Around the Royal Wagon, a few of us from the Kindred made our last rallying point, the Queen’s women fighting among us. I mind the Princess Essylt clinging to the side of the wagon itself, one foot on a wheel-hub, a dead man’s sword in her hand, her red hair flying about her head, fighting like a wild cat and chanting some savage war-song of her own as she struck, and struck again, until a legionnaire’s sword, stabbing upward, took her beneath the breast-bone, and her song broke into a scream as she tumbled down into the struggling tangle below.

Nessan was beside me, with a dirk for her weapon. Even in that moment she cried my name, as though my coming meant rescue, safety, something to be glad for.

The shouting and screaming rose to tear the skies asunder; the Red Crest cavalry swept in with their long sabres to aid the men of the short swords cutting down every living thing, man, woman, child and horse, that came in their path. They had three cities, and four cohorts of the Ninth Legion to avenge, and the dead began to lie thick, hacked and hideous, piled one upon another.

A Red Crest with half his shoulder-guard torn away came leaping over the barrier of the dead. I lunged forward to meet and turn his sword; and in the same
heartbeat of time a cavalry man crashed by, crouched low in the saddle, his long blade sweeping out and down, and Nessan fell against me and crumpled to my feet. My own sword had found its mark; I wrenched it out, feeling it grate on bone as the Red Crest went over backwards, and when I looked down, Nessan was lying twisted with her face turned to the sky and blood welling from a deep wound between her neck and shoulder.

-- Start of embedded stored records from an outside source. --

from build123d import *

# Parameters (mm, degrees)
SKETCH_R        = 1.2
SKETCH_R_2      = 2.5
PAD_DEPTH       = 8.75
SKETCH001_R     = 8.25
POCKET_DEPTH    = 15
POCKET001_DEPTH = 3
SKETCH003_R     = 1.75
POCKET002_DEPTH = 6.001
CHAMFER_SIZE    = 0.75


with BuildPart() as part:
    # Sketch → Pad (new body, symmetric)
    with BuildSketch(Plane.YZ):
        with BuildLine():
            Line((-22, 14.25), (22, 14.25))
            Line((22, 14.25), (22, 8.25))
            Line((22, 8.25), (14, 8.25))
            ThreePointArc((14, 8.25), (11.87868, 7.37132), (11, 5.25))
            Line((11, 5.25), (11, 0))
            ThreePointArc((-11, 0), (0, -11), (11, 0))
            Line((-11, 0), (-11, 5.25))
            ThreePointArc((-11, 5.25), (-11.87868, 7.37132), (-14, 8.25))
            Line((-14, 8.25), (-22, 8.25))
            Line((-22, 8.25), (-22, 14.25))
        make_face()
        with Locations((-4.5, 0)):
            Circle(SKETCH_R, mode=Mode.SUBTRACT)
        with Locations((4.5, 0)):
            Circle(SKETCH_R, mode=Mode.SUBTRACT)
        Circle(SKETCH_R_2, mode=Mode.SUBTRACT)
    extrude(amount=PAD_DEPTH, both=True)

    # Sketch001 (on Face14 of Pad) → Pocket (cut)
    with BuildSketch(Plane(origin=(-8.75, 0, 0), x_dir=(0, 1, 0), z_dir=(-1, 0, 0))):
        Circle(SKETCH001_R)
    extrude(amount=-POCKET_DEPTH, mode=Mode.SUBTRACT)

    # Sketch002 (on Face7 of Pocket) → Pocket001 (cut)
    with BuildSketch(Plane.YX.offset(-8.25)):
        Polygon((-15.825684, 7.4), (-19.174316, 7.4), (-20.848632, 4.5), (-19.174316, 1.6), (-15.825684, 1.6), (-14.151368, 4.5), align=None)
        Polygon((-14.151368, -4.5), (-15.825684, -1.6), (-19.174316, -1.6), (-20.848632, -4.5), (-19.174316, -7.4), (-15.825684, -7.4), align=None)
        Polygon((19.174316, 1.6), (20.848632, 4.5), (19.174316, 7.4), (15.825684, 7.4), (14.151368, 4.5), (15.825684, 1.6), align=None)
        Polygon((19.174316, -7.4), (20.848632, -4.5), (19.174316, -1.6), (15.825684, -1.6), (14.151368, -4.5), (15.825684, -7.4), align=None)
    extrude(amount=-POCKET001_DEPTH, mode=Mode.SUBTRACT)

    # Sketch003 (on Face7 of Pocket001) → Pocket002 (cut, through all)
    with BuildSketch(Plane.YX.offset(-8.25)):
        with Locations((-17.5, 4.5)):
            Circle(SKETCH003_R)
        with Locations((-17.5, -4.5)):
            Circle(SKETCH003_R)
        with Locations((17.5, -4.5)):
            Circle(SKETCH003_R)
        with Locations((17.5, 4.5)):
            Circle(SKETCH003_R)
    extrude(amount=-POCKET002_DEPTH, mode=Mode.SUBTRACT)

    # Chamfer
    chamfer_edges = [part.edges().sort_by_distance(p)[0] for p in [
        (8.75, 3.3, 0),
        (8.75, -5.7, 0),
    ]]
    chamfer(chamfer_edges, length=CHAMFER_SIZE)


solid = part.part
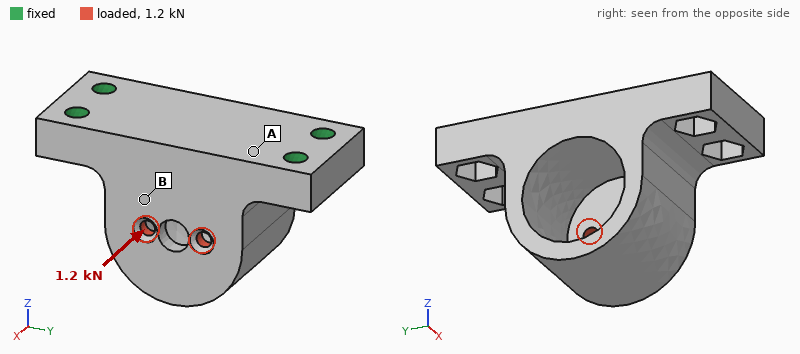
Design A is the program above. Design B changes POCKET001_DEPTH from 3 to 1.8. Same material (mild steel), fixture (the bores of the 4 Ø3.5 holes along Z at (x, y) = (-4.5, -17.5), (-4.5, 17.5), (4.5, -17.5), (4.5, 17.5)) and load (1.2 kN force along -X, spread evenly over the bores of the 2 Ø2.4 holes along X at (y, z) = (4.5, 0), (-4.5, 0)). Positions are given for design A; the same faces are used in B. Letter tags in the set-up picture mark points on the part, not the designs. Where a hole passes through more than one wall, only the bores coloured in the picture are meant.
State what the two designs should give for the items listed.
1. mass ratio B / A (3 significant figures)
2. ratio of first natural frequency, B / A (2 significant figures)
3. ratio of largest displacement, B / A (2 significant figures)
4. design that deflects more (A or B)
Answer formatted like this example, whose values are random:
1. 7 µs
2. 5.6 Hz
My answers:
1. 1.01
2. 1.1
3. 0.91
4. A
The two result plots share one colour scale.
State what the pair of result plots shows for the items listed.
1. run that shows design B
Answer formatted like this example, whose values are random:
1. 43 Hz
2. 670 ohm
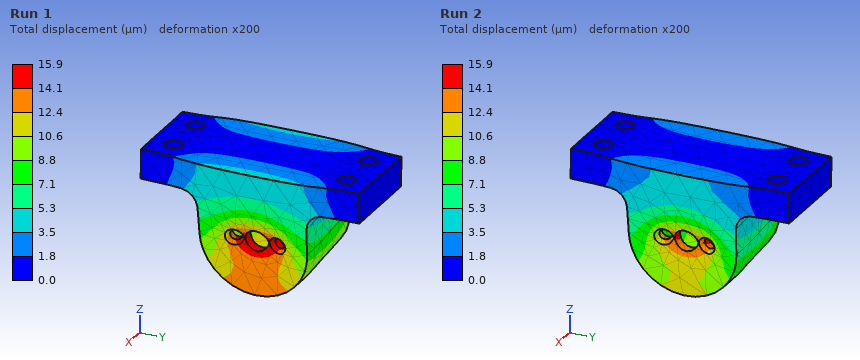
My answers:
1. Run 2

I saw that she called out to me, though I could not hear above the tumult. Her eyes clung to my face, and she made as though she would hold her arms out to me as she used to do when she was a very small child.

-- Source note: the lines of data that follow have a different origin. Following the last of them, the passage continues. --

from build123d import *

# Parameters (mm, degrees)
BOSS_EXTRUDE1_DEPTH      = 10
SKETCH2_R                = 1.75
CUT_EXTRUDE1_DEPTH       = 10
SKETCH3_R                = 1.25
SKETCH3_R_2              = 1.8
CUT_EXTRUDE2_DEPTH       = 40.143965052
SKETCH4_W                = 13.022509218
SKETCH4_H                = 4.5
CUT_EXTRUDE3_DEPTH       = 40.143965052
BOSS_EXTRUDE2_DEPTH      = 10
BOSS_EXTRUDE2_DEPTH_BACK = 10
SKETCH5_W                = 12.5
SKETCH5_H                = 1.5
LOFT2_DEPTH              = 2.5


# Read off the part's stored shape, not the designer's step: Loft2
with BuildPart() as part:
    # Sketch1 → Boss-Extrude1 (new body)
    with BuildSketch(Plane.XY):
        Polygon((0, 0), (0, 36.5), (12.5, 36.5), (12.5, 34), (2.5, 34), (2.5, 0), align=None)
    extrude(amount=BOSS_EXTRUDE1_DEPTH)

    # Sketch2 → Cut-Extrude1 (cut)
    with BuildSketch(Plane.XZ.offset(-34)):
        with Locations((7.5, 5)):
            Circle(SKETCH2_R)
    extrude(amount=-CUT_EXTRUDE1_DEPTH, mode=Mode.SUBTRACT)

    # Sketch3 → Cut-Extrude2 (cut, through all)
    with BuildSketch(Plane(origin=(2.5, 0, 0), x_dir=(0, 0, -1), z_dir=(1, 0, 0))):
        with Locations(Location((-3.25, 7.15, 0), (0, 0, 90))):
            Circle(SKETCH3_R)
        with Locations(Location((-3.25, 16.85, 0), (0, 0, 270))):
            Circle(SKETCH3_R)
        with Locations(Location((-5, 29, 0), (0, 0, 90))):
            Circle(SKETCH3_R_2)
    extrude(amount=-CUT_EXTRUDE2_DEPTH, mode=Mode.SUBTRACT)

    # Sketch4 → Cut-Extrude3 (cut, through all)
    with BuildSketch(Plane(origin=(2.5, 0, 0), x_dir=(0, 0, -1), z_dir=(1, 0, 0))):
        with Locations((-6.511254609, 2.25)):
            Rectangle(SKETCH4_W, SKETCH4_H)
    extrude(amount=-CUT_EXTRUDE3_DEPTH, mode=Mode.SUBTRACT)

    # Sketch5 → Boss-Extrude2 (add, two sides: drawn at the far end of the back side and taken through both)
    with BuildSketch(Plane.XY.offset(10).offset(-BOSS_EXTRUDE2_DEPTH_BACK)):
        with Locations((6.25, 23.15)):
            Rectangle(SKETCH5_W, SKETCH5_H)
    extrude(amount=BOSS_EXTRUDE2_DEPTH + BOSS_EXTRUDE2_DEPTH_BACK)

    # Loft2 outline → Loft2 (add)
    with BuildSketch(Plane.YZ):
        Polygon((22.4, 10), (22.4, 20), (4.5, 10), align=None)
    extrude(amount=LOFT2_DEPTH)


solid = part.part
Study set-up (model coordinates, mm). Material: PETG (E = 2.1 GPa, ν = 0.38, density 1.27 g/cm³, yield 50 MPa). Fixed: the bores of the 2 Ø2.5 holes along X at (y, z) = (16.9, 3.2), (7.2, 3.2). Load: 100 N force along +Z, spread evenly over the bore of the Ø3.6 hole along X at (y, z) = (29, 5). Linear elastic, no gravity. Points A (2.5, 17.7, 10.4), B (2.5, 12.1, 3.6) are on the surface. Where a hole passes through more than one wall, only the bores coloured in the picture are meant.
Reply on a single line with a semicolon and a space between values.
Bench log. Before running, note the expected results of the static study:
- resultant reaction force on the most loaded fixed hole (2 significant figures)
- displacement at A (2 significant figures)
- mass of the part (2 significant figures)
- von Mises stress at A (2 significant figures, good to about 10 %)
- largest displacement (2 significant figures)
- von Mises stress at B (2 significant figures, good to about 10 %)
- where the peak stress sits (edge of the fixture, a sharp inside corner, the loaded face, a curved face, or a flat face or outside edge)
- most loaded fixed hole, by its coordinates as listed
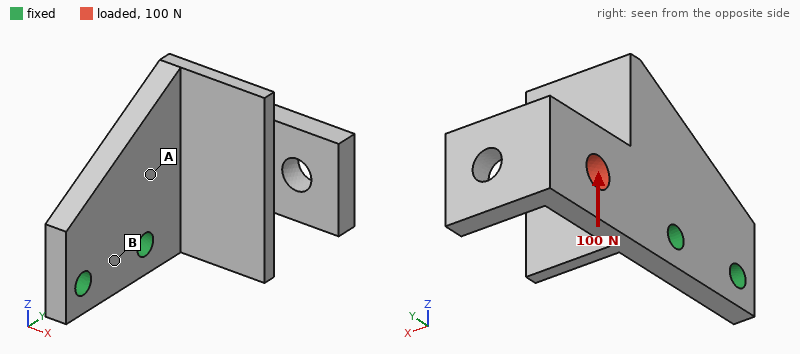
190 N; 0.065 mm; 2.0 g; 8.5 MPa; 0.39 mm; 3.0 MPa; edge of the fixture; (16.9, 3.2)
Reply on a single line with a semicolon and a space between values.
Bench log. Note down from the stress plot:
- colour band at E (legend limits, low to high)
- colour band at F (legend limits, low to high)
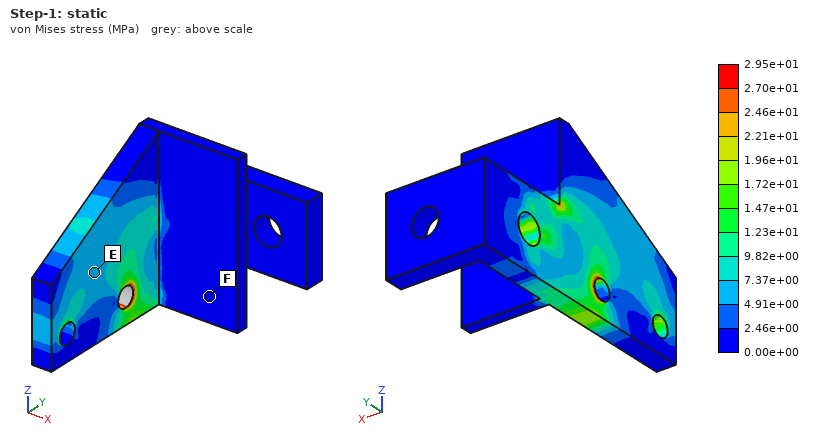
4.91e+00 to 7.37e+00 MPa; 0.00e+00 to 2.46e+00 MPa
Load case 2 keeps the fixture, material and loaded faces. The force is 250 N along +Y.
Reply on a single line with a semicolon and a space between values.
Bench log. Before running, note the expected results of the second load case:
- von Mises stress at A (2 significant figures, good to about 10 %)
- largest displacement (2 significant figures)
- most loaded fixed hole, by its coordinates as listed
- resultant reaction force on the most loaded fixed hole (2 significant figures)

3.7 MPa; 91 µm; (16.9, 3.2); 210 N
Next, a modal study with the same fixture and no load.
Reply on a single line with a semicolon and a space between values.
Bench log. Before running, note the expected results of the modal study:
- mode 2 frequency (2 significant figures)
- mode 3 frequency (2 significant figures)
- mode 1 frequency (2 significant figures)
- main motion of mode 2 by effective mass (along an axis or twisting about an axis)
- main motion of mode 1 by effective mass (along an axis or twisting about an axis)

1400 Hz; 2100 Hz; 810 Hz; along Z; along X

And I knew that the battle was lost; and it seemed to me as in a dream, that all I had to do now was to save the child. I slammed home my sword into its sheath, and stooped and heaved aside the bodies that clogged my feet. There was a small clear gap between the wheels of the wagons. If I could get her through it into some kind of shelter, when the slaughtering was over and the darkness came, I might be able to get her away.

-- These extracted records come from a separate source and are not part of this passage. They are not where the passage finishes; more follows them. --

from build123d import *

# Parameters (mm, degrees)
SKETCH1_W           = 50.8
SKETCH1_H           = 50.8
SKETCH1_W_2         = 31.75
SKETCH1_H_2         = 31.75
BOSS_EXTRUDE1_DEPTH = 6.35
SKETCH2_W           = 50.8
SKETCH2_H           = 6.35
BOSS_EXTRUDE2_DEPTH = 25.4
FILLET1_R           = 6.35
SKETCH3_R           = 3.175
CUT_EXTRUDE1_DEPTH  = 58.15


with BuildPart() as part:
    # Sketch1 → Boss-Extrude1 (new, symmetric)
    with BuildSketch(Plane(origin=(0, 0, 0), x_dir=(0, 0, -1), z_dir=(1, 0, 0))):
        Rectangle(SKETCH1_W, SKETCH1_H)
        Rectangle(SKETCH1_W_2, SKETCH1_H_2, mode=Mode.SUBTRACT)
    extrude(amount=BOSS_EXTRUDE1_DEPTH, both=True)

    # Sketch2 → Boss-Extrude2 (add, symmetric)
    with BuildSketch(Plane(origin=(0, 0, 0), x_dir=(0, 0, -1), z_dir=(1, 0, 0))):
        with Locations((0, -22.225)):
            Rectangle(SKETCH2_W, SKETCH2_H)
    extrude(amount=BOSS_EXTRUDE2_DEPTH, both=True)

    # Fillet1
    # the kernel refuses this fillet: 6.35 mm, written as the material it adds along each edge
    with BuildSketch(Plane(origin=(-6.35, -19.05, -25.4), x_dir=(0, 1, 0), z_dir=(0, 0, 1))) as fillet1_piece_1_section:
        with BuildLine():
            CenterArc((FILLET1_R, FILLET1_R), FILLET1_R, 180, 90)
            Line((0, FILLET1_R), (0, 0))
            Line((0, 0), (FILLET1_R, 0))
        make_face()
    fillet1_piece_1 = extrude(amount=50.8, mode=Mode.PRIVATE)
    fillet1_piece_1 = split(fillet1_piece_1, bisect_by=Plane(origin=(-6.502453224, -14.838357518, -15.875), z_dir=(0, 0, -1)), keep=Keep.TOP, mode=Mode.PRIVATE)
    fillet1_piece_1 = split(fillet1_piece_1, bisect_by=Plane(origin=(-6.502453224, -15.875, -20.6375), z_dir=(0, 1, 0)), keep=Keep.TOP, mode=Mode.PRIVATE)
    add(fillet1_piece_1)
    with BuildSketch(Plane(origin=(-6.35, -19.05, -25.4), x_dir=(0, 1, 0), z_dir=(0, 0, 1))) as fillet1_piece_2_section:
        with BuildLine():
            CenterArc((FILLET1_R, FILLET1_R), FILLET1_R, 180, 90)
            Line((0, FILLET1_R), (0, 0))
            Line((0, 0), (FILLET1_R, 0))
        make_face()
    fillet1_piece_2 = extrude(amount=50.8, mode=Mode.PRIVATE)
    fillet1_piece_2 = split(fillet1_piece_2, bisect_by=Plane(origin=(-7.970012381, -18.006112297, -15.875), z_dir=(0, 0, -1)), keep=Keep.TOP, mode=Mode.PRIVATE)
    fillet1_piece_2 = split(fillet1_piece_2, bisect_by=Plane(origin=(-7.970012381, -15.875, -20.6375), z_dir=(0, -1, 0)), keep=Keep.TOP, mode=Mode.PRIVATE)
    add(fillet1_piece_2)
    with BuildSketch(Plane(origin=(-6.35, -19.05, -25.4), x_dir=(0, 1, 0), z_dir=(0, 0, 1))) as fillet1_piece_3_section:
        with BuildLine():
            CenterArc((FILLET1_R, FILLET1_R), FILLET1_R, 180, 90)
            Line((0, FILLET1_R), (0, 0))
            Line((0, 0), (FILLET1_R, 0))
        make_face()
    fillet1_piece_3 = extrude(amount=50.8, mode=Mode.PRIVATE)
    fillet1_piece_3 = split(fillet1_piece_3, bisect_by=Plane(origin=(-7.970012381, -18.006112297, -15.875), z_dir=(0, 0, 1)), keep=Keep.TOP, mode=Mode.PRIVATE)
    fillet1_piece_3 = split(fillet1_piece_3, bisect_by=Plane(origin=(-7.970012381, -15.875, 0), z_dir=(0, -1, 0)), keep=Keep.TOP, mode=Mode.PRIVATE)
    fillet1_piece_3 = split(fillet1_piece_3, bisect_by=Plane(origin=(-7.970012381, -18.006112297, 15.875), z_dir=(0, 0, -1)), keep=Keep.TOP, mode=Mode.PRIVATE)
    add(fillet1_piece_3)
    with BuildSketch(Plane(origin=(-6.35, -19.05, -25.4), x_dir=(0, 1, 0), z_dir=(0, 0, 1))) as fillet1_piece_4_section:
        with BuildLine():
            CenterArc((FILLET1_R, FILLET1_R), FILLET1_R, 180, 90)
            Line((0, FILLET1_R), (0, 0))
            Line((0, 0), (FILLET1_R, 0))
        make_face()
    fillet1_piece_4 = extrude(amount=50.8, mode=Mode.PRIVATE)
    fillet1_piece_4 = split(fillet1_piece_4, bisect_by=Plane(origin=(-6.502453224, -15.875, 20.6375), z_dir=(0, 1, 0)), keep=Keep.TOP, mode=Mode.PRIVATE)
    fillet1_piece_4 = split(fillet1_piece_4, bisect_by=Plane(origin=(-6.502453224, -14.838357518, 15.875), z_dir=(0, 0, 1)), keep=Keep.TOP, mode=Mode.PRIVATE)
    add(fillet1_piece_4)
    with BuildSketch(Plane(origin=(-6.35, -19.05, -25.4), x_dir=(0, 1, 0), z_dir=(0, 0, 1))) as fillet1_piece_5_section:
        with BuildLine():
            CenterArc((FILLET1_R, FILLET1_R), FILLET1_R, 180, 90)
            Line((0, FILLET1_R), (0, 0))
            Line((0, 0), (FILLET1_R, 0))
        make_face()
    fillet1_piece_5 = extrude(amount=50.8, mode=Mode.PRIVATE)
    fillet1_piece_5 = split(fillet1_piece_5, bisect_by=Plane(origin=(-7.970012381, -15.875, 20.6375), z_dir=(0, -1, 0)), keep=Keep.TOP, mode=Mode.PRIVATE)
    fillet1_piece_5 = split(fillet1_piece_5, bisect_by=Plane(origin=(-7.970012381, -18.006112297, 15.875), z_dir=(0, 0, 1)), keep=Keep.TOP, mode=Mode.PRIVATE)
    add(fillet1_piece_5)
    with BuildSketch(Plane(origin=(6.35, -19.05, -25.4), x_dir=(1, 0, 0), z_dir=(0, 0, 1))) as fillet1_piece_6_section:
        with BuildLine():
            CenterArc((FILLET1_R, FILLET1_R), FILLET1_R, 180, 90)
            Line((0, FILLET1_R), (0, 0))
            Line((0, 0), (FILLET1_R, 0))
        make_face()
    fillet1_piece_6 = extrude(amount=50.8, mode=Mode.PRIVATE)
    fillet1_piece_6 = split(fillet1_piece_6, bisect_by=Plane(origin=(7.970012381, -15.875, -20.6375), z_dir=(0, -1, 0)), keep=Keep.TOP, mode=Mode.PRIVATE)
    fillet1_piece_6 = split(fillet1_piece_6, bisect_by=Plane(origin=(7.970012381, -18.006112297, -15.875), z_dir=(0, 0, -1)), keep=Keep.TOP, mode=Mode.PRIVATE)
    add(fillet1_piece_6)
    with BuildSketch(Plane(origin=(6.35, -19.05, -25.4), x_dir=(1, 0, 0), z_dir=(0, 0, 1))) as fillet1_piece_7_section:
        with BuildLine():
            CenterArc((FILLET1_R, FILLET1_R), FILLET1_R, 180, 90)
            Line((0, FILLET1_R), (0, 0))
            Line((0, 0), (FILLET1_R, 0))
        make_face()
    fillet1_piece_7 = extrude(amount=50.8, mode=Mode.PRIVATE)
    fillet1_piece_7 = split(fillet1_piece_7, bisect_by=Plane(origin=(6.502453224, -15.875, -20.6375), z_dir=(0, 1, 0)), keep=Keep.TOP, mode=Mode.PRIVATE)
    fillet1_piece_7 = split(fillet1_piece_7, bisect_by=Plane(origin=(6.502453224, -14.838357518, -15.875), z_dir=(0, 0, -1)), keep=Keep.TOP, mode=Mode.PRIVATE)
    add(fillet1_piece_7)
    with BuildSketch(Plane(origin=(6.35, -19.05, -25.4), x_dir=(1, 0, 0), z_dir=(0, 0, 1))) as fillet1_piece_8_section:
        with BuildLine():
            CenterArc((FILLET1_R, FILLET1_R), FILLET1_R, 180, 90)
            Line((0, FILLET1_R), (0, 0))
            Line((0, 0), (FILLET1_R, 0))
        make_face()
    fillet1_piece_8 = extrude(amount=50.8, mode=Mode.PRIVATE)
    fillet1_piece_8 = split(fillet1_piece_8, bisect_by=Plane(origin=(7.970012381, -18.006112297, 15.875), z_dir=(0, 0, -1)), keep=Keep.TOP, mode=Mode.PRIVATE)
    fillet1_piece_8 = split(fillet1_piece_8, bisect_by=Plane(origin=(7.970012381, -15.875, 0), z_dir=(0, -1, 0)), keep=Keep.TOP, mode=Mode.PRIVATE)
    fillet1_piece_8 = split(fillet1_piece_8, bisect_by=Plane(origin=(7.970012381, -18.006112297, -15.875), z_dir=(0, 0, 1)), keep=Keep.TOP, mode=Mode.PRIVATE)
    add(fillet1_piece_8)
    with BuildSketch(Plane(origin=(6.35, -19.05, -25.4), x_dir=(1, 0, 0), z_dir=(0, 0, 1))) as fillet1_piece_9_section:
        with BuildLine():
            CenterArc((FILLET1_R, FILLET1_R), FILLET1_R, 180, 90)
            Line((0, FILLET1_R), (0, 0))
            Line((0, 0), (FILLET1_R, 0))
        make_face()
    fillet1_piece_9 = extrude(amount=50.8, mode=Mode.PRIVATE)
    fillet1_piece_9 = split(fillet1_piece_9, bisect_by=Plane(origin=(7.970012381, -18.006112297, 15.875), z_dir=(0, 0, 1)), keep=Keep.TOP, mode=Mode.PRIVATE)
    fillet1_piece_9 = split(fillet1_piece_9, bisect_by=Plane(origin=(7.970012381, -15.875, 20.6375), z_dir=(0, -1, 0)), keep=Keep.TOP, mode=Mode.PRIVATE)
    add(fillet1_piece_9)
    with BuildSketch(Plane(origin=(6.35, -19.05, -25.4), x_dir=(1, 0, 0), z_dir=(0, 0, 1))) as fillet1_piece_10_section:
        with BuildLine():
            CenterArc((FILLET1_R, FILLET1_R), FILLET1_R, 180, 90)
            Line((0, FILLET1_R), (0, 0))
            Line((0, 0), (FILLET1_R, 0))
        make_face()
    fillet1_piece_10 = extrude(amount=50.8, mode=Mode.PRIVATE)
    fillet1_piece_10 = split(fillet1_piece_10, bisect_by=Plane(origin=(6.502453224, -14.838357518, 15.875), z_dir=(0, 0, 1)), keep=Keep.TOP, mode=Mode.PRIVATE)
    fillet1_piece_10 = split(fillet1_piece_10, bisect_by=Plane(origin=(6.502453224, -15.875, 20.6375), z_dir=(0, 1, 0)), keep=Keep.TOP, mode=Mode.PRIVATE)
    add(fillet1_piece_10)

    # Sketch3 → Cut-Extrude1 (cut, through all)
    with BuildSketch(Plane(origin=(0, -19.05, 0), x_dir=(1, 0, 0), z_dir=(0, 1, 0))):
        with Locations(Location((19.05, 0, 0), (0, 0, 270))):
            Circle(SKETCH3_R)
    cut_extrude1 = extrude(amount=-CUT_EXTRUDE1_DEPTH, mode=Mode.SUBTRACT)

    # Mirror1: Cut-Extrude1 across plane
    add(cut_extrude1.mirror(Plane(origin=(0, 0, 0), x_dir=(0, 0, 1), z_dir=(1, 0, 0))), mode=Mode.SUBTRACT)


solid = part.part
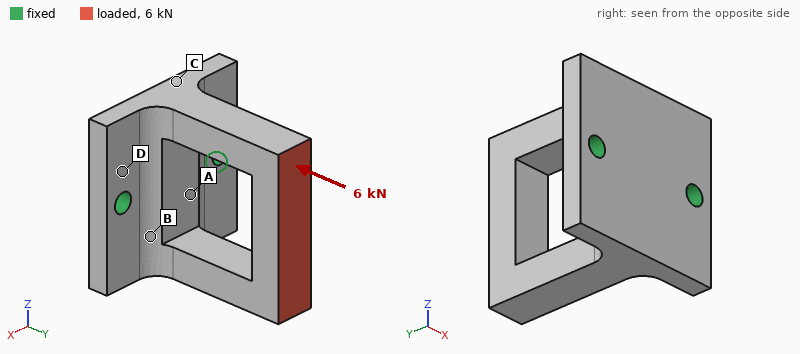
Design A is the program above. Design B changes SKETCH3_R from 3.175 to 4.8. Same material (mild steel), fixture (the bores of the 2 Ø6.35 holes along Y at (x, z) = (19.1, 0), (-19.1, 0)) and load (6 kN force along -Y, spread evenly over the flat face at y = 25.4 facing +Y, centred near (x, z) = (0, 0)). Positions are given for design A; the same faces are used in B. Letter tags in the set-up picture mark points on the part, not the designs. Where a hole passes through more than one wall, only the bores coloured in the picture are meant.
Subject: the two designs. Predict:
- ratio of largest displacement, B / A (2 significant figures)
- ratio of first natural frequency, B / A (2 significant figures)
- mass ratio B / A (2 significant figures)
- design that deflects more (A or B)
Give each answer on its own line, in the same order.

0.90
1.1
0.98
A
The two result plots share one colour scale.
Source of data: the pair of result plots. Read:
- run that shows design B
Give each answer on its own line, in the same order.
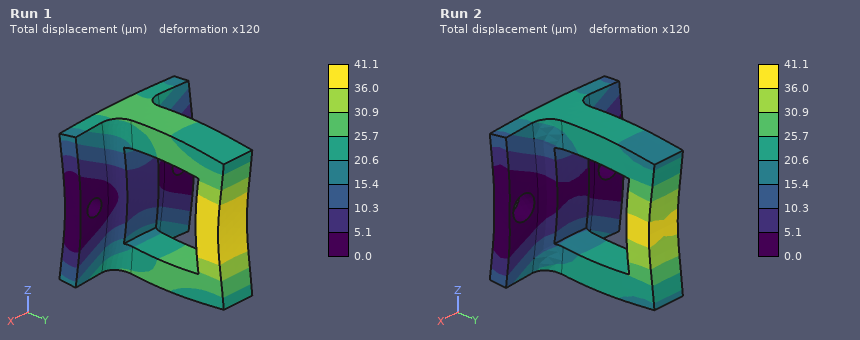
Run 2

She was very light to lift; but even as I knelt with my arms round her, a moment of blinding pain took me in the left flank, in the soft unguarded part between ribs and hip. I pulled out the light spear-head, and my strength seemed to come with it, like water. I flattened on top of her, and lay still. Somewhere above us in the wagon a woman screamed loud enough to tear through even that turmoil. The taste of blood came into my mouth, and every instant I waited for the death blow, not yet knowing that in truth I had it already. But the Red Crests ploughed on, shouting as they thrust and thrust again. And in the breathing space that followed,
I gathered myself and dragged Nessan further in under the wagon, and again lay down over her.